[DATA FOR THIS TASK Boundary: Start]

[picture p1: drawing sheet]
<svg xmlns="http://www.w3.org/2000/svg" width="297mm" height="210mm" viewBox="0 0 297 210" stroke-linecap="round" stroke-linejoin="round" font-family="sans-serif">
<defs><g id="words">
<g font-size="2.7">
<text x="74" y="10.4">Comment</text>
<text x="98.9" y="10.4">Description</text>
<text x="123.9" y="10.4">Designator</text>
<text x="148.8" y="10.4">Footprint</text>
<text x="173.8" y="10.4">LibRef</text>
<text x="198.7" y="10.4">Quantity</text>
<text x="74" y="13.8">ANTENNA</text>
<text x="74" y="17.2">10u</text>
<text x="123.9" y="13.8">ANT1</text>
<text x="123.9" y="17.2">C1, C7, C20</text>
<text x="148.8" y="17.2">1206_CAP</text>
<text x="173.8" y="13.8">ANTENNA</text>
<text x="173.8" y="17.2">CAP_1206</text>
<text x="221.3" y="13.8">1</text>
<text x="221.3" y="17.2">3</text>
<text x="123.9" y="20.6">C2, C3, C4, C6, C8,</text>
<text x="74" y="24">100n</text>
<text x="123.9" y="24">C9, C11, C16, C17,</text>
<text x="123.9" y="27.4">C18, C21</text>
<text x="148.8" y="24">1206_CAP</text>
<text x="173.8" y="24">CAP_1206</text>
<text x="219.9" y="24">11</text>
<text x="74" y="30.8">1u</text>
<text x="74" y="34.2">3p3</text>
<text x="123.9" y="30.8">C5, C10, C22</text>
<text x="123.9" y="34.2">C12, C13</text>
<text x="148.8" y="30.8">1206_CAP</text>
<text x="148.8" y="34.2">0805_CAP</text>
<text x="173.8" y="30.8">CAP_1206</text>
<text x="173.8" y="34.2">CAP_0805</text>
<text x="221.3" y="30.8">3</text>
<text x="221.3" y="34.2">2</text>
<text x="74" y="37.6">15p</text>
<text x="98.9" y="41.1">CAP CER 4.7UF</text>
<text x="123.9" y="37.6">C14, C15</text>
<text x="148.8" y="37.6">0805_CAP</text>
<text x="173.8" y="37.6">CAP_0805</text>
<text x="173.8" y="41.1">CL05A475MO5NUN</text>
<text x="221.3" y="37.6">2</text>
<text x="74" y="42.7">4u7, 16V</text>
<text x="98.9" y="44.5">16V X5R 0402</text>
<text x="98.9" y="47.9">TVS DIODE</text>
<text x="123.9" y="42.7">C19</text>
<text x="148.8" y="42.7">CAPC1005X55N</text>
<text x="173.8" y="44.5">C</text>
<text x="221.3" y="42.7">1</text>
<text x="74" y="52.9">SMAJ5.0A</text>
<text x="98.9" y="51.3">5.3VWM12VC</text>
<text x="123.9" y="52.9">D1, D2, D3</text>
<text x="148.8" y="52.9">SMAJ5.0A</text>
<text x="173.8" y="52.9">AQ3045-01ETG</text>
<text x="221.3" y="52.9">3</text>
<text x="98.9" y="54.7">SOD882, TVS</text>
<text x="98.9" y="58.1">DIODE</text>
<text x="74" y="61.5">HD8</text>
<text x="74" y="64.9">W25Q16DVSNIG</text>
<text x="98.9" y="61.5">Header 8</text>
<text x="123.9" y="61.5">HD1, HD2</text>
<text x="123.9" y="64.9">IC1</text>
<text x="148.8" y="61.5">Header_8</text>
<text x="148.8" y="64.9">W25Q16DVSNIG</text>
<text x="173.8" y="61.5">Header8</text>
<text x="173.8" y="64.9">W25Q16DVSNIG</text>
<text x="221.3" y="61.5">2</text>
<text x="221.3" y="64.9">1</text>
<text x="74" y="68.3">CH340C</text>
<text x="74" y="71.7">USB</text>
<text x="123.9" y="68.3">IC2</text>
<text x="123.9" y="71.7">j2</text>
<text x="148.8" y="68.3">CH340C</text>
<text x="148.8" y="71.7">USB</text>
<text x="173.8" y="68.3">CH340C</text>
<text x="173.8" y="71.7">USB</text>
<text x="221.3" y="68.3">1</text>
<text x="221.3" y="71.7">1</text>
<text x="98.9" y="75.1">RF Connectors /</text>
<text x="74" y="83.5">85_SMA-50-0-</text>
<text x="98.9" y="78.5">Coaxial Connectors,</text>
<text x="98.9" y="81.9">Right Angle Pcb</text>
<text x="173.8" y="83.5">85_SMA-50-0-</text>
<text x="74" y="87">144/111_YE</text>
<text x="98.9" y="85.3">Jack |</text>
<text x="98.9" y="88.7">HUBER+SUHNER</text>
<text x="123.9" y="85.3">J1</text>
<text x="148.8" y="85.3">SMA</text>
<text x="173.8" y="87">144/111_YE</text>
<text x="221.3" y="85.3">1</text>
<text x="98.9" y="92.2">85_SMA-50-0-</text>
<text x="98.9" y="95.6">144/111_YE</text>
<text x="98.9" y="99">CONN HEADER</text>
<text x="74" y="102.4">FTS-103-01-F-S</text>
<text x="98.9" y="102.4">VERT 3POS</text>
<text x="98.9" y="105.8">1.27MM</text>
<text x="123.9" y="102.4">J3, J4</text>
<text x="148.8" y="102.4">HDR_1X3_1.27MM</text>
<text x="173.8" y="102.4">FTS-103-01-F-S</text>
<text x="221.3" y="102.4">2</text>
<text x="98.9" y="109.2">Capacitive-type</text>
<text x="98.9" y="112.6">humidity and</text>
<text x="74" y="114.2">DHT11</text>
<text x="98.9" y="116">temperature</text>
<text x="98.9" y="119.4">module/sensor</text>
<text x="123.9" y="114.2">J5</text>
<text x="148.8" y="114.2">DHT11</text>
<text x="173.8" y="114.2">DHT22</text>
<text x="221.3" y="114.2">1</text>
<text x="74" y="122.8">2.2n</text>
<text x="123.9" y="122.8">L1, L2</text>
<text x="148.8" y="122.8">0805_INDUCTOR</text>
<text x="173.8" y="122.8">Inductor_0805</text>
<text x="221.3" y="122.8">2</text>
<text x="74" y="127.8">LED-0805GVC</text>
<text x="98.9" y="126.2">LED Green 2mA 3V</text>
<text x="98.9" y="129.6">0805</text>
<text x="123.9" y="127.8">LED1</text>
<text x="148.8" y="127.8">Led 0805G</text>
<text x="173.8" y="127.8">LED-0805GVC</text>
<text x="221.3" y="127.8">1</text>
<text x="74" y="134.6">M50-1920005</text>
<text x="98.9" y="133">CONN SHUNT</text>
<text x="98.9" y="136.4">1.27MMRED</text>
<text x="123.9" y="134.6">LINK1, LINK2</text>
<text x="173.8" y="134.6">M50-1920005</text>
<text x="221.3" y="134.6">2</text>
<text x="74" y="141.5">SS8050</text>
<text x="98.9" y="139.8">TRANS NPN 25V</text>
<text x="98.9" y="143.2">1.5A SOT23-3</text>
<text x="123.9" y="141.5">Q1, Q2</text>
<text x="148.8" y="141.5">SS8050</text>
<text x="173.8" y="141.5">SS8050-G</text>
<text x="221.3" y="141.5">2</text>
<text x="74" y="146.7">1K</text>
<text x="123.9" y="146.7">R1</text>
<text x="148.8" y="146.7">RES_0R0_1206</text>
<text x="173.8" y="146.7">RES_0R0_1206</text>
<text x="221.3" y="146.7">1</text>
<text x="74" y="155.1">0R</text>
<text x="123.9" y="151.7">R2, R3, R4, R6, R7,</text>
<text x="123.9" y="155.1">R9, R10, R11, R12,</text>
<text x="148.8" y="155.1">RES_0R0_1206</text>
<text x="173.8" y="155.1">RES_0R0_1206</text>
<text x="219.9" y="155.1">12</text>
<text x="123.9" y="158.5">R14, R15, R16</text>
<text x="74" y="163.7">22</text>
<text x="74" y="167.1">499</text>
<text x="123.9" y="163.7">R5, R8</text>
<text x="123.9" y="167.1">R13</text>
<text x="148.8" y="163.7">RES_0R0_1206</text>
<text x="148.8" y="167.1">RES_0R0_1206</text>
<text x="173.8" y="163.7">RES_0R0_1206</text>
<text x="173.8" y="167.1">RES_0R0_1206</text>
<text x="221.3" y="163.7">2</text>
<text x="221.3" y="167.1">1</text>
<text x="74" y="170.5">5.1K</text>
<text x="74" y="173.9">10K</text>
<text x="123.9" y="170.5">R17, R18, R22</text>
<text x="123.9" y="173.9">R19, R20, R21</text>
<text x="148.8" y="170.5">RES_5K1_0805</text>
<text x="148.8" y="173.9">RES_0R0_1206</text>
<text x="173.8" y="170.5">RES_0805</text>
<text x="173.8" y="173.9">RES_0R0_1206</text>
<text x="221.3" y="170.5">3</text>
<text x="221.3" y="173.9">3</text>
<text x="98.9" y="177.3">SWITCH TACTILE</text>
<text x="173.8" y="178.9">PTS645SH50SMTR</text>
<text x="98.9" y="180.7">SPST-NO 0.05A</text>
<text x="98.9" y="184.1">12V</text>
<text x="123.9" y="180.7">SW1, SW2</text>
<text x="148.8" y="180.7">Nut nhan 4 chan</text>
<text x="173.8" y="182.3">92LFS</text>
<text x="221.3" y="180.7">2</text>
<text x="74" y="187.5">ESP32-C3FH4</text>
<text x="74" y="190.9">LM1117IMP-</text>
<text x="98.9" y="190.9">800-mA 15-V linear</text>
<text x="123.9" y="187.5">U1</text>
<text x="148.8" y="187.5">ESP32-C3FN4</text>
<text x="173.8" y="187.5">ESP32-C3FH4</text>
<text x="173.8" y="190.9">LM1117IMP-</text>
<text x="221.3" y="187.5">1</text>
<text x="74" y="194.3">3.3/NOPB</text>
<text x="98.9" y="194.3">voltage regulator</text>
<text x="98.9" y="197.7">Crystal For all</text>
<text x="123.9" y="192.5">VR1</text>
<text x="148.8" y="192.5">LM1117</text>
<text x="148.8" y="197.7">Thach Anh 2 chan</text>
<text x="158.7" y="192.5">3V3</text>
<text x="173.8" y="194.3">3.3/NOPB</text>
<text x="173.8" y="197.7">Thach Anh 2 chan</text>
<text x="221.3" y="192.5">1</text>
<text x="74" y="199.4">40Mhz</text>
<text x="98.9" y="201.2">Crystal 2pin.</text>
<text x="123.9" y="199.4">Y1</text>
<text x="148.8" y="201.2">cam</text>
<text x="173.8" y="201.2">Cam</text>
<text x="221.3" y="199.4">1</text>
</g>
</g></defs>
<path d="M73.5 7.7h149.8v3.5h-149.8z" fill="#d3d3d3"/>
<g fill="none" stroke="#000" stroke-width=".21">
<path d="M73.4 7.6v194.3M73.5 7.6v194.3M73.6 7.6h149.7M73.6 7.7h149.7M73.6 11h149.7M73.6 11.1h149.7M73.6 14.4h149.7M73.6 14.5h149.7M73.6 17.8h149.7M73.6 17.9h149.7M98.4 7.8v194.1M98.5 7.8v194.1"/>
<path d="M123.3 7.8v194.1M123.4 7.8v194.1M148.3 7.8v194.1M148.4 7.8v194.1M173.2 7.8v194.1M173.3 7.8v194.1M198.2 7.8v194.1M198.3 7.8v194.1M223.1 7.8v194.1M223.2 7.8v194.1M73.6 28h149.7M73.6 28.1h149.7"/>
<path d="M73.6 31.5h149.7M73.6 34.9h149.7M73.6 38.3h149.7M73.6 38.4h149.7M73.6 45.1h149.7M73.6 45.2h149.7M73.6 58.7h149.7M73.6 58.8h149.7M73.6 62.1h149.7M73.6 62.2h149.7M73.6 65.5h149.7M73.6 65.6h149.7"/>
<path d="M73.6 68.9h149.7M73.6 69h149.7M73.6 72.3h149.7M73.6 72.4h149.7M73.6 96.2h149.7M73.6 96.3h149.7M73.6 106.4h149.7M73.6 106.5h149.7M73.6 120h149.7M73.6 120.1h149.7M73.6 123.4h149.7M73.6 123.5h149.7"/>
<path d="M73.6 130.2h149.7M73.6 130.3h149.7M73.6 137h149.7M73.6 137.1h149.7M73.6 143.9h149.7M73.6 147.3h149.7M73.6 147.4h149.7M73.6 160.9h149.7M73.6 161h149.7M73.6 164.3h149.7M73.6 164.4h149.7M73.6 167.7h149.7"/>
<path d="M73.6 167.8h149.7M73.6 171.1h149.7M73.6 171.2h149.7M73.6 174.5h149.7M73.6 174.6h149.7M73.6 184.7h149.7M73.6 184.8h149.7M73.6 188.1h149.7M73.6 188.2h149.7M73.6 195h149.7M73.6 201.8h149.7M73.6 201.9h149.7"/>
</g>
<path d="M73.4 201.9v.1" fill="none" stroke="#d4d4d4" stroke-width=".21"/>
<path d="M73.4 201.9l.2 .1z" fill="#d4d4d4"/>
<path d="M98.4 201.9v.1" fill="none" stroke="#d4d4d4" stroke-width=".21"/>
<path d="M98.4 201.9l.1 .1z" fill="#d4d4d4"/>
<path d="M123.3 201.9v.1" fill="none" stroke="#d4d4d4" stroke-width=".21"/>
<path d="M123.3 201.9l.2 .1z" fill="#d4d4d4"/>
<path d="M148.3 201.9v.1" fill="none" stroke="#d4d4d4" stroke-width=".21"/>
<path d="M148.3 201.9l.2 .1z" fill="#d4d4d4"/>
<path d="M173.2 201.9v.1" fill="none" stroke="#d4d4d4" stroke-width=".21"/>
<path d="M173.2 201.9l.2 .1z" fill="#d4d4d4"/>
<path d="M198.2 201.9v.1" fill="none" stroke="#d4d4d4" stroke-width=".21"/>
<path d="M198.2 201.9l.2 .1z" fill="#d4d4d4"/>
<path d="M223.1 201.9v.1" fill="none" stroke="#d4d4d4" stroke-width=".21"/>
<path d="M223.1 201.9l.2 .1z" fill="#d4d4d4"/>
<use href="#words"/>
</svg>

[DATA FOR THIS TASK Boundary: End]

**EXERCISE:** Within the entries, count the lines that contain the word "Connectors". Give that number and no more.

**SOLUTION TO THIS EXERCISE:** 2